Combine with the volume mounts above, and you already have a working environment. For example, you could transfer some code and data of yours to your home directory, and run it in interactive mode in the container as a quick test. Remember to adjust paths to data sets or to mount the directories in the locations expected by your code.

> kubectl exec -it gpu-pod -- /bin/bash
# cd /abyss/home/<your-code-repo>
# python ./main.py

Note that there are timeouts in place - this is a demo pod which runs only for 24 hours and an interactive session also has a time limit, so it is better to build a custom run script which is executed when the container in the pod starts. See the Kubernetes documentation on pods and jobs for more details. TODO: link to respective doc.

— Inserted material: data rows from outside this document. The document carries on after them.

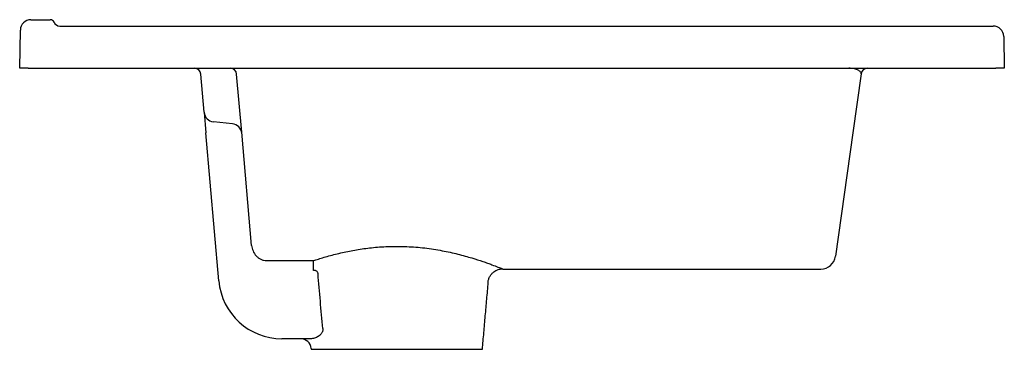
# Model space of a CAD drawing. Header units: millimetres. Extents: x 3983.649 to 3984.115, y 1771.775 to 1771.931.
import ezdxf

# ---------------------------------------------------------------- set-up
doc = ezdxf.new("R2010")
doc.units = ezdxf.units.MM
doc.layers.add('SANINDUSA', color=3, linetype='Continuous')

msp = doc.modelspace()

# ---------------------------------------------------------------- linework, layer by layer
at = {"layer": 'SANINDUSA'}
for p, q in [((3983.654359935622, 1771.931367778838), (3983.663446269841, 1771.931367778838)), ((3983.668029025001, 1771.928367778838), (3984.109585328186, 1771.928367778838)), ((3983.649044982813, 1771.908367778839), (3983.649360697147, 1771.926455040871)), ((3984.114584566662, 1771.923455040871), (3984.1148479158, 1771.908367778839)), ((3983.653044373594, 1771.908367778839), (3983.649044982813, 1771.908367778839)), ((3983.653044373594, 1771.908367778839), (3984.110848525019, 1771.908367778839)), ((3983.736266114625, 1771.887568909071), (3983.734686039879, 1771.905629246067)), ((3983.754088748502, 1771.878166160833), (3983.751686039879, 1771.905629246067)), ((3984.047083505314, 1771.905785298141), (3984.043150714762, 1771.877802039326)), ((3984.1148479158, 1771.908367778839), (3984.110848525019, 1771.908367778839)), ((3983.736266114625, 1771.887568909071), (3983.737123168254, 1771.877772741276)), ((3983.749684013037, 1771.882090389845), (3983.7407244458, 1771.883032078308)), ((3983.743249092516, 1771.807753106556), (3983.737123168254, 1771.877772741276)), ((3983.758778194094, 1771.824565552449), (3983.754088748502, 1771.878166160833)), ((3984.043150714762, 1771.877802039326), (3984.034941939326, 1771.819393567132)), ((3983.765842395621, 1771.817384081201), (3983.788095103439, 1771.817384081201)), ((3983.788095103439, 1771.81273481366), (3983.788095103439, 1771.817384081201)), ((3983.786727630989, 1771.780367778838), (3983.773134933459, 1771.780367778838)), ((3983.786946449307, 1771.775367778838), (3983.867946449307, 1771.775367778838))]:
    msp.add_line(p, q, dxfattribs=at)
for centre, radius, start, end in [((3983.654359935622, 1771.926367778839), 0.005, 90, 179.0000000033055), ((3983.663446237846, 1771.929367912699), 0.001999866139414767, 23.58882834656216, 89.99908335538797), ((3983.668029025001, 1771.931367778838), 0.00299999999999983, 203.5781784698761, 270), ((3984.109585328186, 1771.923367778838), 0.005, 0.9999999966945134, 90), ((3983.731697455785, 1771.905367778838), 0.003000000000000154, 4.999999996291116, 90), ((3983.748697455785, 1771.905367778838), 0.003000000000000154, 4.999999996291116, 90), ((3984.05005430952, 1771.905367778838), 0.003000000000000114, 90, 172.0000000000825), ((3983.741247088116, 1771.888004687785), 0.004999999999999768, 184.9999999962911, 263.9999999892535), ((3983.74916137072, 1771.877117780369), 0.005000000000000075, 4.999999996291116, 83.99999998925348), ((3984.028010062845, 1771.820367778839), 0.006999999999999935, 270.022437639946, 352.0000000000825), ((3983.773134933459, 1771.810367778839), 0.03000000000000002, 184.9999999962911, 270), ((3983.781927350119, 1771.775367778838), 0.00500000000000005, 4.999999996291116, 90)]:
    msp.add_arc(centre, radius, start, end, dxfattribs=at)
for points, degree in [([(3983.665279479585, 1771.930167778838), (3983.665279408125, 1771.930167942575), (3983.665279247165, 1771.930168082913), (3983.665278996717, 1771.930168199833)], 3), ([(3983.877649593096, 1771.813367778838), (3984.028010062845, 1771.813367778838)], 1), ([(3983.792388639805, 1771.785193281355), (3983.791648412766, 1771.793852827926), (3983.790910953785, 1771.80251261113), (3983.790175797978, 1771.811172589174)], 3), ([(3983.867946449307, 1771.775367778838), (3983.870713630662, 1771.80699680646)], 1), ([(3983.78690832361, 1771.775803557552), (3983.786946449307, 1771.775367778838)], 1)]:
    msp.add_open_spline(points, degree=degree, dxfattribs=at)
for points, knots in [([(3984.047083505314, 1771.905785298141), (3984.047110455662, 1771.905977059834), (3984.0470785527, 1771.906161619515), (3984.046926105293, 1771.906514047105), (3984.0468053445, 1771.906681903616), (3984.046338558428, 1771.907156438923), (3984.045889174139, 1771.907434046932), (3984.044814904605, 1771.907890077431), (3984.044191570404, 1771.908067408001), (3984.043178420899, 1771.908246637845), (3984.042827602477, 1771.908291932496), (3984.042287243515, 1771.908337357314), (3984.042104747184, 1771.908348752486), (3984.04182805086, 1771.908360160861), (3984.041735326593, 1771.9083630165), (3984.041548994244, 1771.908366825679), (3984.041455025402, 1771.908367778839), (3984.041361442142, 1771.908367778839)], [0, 0, 0, 0, 0.125, 0.125, 0.2500000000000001, 0.2500000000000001, 0.5, 0.5, 0.75, 0.75, 0.8750000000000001, 0.8750000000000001, 0.9374999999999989, 0.9374999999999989, 0.9687499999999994, 0.9687499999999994, 1, 1, 1, 1]), ([(3983.758778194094, 1771.824565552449), (3983.75885791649, 1771.823654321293), (3983.759070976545, 1771.822773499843), (3983.759788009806, 1771.821079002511), (3983.760274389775, 1771.820306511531), (3983.761221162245, 1771.819282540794), (3983.76156374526, 1771.818975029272), (3983.762119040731, 1771.818565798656), (3983.762311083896, 1771.818438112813), (3983.762709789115, 1771.818201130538), (3983.762917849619, 1771.818091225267), (3983.763554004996, 1771.817796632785), (3983.763992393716, 1771.817646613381), (3983.764898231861, 1771.817441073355), (3983.765369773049, 1771.817385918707), (3983.765842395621, 1771.817384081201)], [0, 0, 0, 0, 0.2500000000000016, 0.2500000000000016, 0.5000000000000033, 0.5000000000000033, 0.6250000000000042, 0.6250000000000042, 0.6875000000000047, 0.6875000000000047, 0.750000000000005, 0.750000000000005, 0.8750000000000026, 0.8750000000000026, 1, 1, 1, 1]), ([(3983.788095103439, 1771.817384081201), (3983.788829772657, 1771.817623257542), (3983.791234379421, 1771.818406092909), (3983.795952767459, 1771.819795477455), (3983.802328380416, 1771.821369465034), (3983.809218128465, 1771.822687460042), (3983.816469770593, 1771.823641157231), (3983.824210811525, 1771.824144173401), (3983.830959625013, 1771.824099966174), (3983.836457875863, 1771.82375943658), (3983.840705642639, 1771.823338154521), (3983.844889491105, 1771.822766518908), (3983.848923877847, 1771.822072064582), (3983.852740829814, 1771.821287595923), (3983.856360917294, 1771.820434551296), (3983.85980396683, 1771.819524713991), (3983.863898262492, 1771.818335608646), (3983.867462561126, 1771.817178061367), (3983.870448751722, 1771.81613528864), (3983.873020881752, 1771.815197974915), (3983.875038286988, 1771.814422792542), (3983.876434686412, 1771.813871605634), (3983.87743304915, 1771.81347068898), (3983.877564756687, 1771.813416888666), (3983.877649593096, 1771.813382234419)], [0, 0, 0, 0, 0.0279108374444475, 0.09135347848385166, 0.156297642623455, 0.2161485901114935, 0.2773451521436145, 0.3404839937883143, 0.4054064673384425, 0.4403106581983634, 0.4752162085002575, 0.511279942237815, 0.5473456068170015, 0.5820496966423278, 0.6167547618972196, 0.65245690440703, 0.688158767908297, 0.7522258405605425, 0.7851201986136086, 0.8180125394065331, 0.8794385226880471, 0.911083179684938, 0.9427262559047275, 1, 1, 1, 1]), ([(3983.790175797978, 1771.811172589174), (3983.790165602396, 1771.811292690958), (3983.790142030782, 1771.811409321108), (3983.790067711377, 1771.811635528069), (3983.790016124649, 1771.811745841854), (3983.789828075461, 1771.812049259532), (3983.789654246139, 1771.812221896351), (3983.789356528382, 1771.81242156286), (3983.789250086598, 1771.81247918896), (3983.789032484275, 1771.812574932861), (3983.788920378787, 1771.812613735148), (3983.788575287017, 1771.812706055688), (3983.788335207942, 1771.81273481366), (3983.788095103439, 1771.81273481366)], [0, 0, 0, 0, 0.1249999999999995, 0.1249999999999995, 0.249999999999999, 0.249999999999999, 0.499999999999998, 0.499999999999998, 0.6249999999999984, 0.6249999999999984, 0.749999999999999, 0.749999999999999, 1, 1, 1, 1]), ([(3983.870636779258, 1771.807001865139), (3983.870636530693, 1771.807064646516), (3983.870634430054, 1771.807595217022), (3983.870906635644, 1771.808619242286), (3983.871472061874, 1771.809954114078), (3983.872309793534, 1771.811105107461), (3983.873264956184, 1771.811999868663), (3983.874285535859, 1771.812657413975), (3983.875319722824, 1771.813104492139), (3983.876324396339, 1771.813357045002), (3983.877099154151, 1771.813460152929), (3983.877530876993, 1771.813446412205), (3983.877647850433, 1771.813442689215)], [0, 0, 0, 0, 0.01795659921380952, 0.1517526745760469, 0.2979702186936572, 0.4318731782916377, 0.5555704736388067, 0.6706511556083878, 0.7776385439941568, 0.8764497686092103, 0.966524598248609, 1, 1, 1, 1]), ([(3983.792388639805, 1771.785193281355), (3983.79242386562, 1771.784987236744), (3983.792436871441, 1771.78478222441), (3983.792418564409, 1771.784374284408), (3983.792386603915, 1771.784170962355), (3983.792284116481, 1771.783782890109), (3983.792213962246, 1771.783597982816), (3983.79204902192, 1771.783252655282), (3983.791953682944, 1771.783090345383), (3983.791743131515, 1771.782782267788), (3983.791627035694, 1771.782635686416), (3983.791384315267, 1771.782362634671), (3983.791257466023, 1771.782235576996), (3983.790864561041, 1771.781877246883), (3983.790586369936, 1771.781668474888), (3983.789720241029, 1771.781111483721), (3983.78911862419, 1771.780841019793), (3983.787908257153, 1771.780466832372), (3983.787311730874, 1771.780367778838), (3983.786727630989, 1771.780367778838)], [0, 0, 0, 0, 0.06250000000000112, 0.06250000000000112, 0.1250000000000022, 0.1250000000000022, 0.1875000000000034, 0.1875000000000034, 0.2500000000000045, 0.2500000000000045, 0.3125000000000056, 0.3125000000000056, 0.3750000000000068, 0.3750000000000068, 0.5000000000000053, 0.5000000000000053, 0.7500000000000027, 0.7500000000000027, 1, 1, 1, 1])]:
    msp.add_open_spline(points, degree=3, knots=knots, dxfattribs=at)

doc.saveas('drawing.dxf')

If you do not have your code ready, you can do a quick test if GPU execution works by running demo code from this tutorial as follows:

> kubectl exec -it gpu-pod -- /bin/bash
# cd /abyss/home
# git clone https://github.com/dragen1860/TensorFlow-2.x-Tutorials.git
# cd TensorFlow-2.x-Tutorials/12_VAE
# ls
README.md  images  main.py  variational_autoencoder.png
# pip3 install pillow matplotlib
# python ./main.py

Cleaning up

Once everything works for you on the new cluster, please clean up your presence on the old one.

In particular:

  • Delete all running pods
  • Delete all persistent volume claims. This is the most important step, as it shows me which of the local filesystems of the nodes are not in use anymore, so I can transfer the node over to the new cluster.